Thank you so much for bringing this topic up! I am dealing with the same problems you are, but mine are a little worse. I have 2 properties on an abandoned golf subdivision and they are brutal. I have long been playing with these lawns and have 2 customers that are constantly threatening to leave our services. I met with the irrigation guy last week as well as the customer. I cannot get the soil probe into the soil more than an inch if at all. There is heavy thatch which I contribute heavily to lack of root penetration.
These 2 houses are over 6000 square feet and are beautiful and the truf is 1/2-3/4 acre, but what my research shows is that when the builders come in, they rob the property of all "soil" down 6 inches until they hit the hard pan and sell it before breaking ground for the house foundation. They continually destroy the hard pan with equipment and then apply what they call "top soil" when it is time to sod. It looks great for a year or two then the lawn stresses and eventually dies.
My research has proven me correct in thought because after meeting the irrigation guy and coming together instead of pointing fingers. He told me that during his install he rented a bulb auger with a larger bit to install the irrigation heads and each hole was an extremely labor intensive battle.
His suggestion is to water this property daily as an experiment(this year has been rough because of the intense heat and lack of natural rain). So we are watering every day for 40 minutes a zone and the property has head to head coverage. I have been monitoring it almost daily.
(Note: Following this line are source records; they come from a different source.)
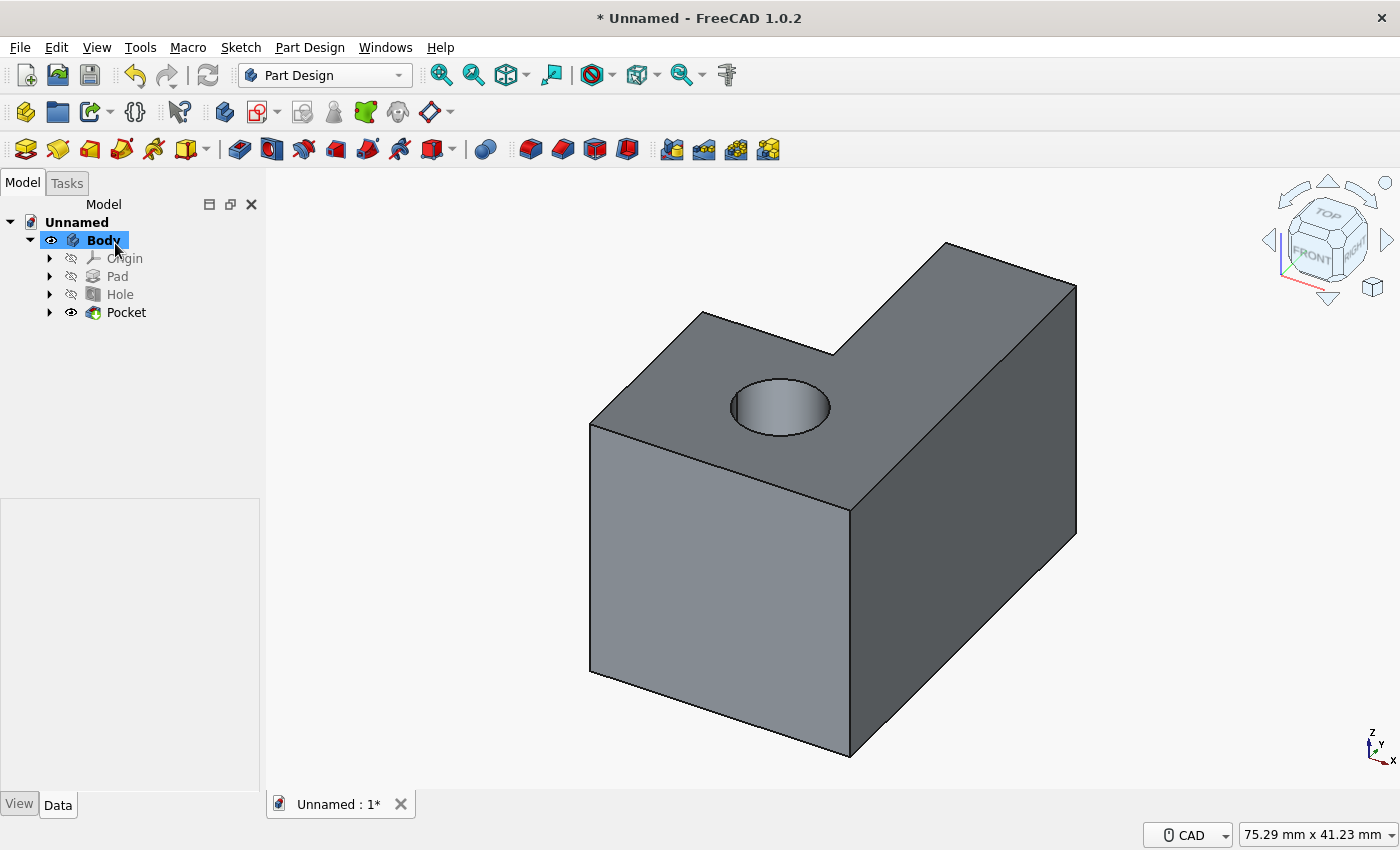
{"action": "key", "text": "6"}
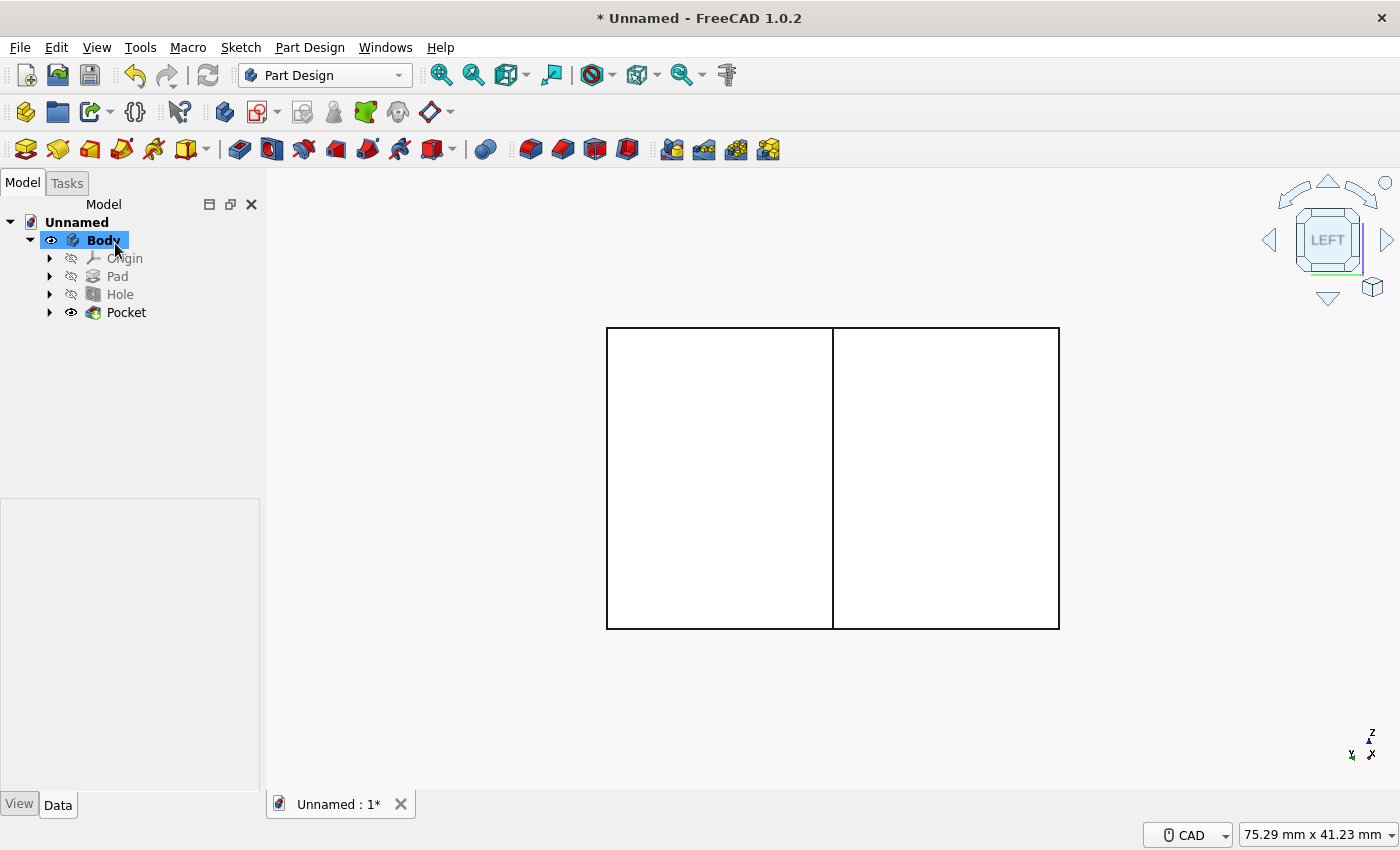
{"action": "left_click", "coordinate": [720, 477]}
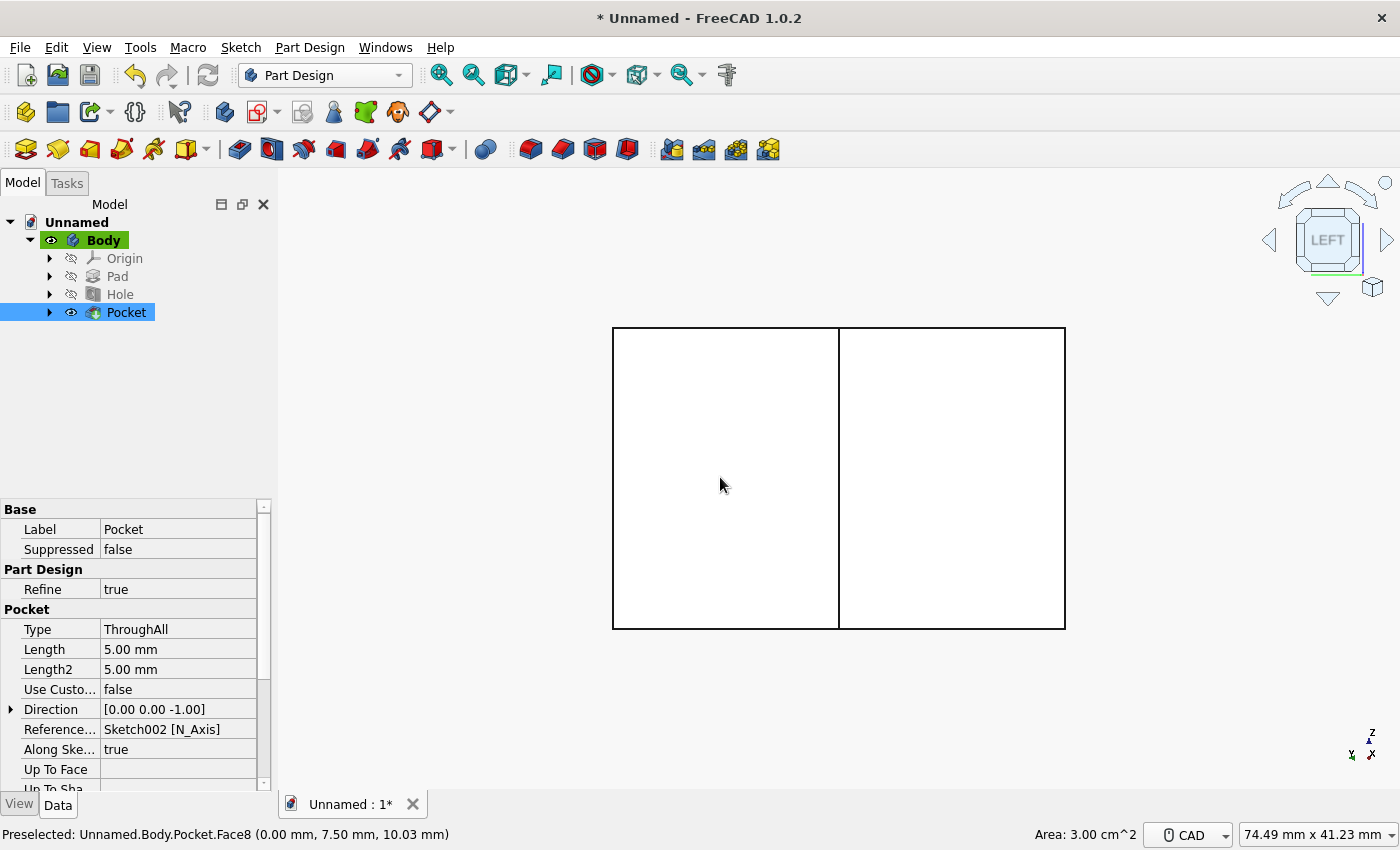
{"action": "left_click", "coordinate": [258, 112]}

I arrived yesterday with a soil moisture meter and found this. I touch the tip of the probe to the thatch as the zone shuts down and the meter goes to a 6, penetrate the thatch and touch the hard pan and it dives to 3, penetrate the hard pan and the meter reads 1 and sometimes none. I have zero water penetration into the "soil".
I have had relentless conversations with tons of companies. The best method I see which is less than desirable is gypsum constantly until some loosening is seen. I would use a wetting agent so the water is penetrating the thatch and carrying the gypsum past the thatch and SLOWLY working the hard pan. As a corrective rate, SOL-U-CAL-S goes down at 12.5 pounds per thousand so be prepared. Once the soil starts to loosen I would try to aerate, but if the machine is equal to running it over a concrete pad I would stop. Until it penetrates the hard pan, gypsum more and more and more. Once you break it comfortably then top dress with a high peat moss content compost and tah dah you are just beginning.
So where does this get the property? Nowhere slowly!!! I have been smashing my head against the hard pan and not to save the customer but to come up with a solution short of a full tear out and redo4! I have numerous properties like this. The only method is simple but unfair, bulldozer and start over! People buy houses and get screwed on things not covered under warranty and the lawn is one. It looks awesome when it is spoon fed and the thatch/roots are soaked in nutrients but it kills it in the long run.
Sorry for the rant and lastly! I will not ever try to run my splice seeder over it again nor a dethatcher. It tears it up but the new seed, rhizome creep takes forever to happen if at all because the thatch has to stay moist to convince the roots to live upstairs unhappily in the thatch!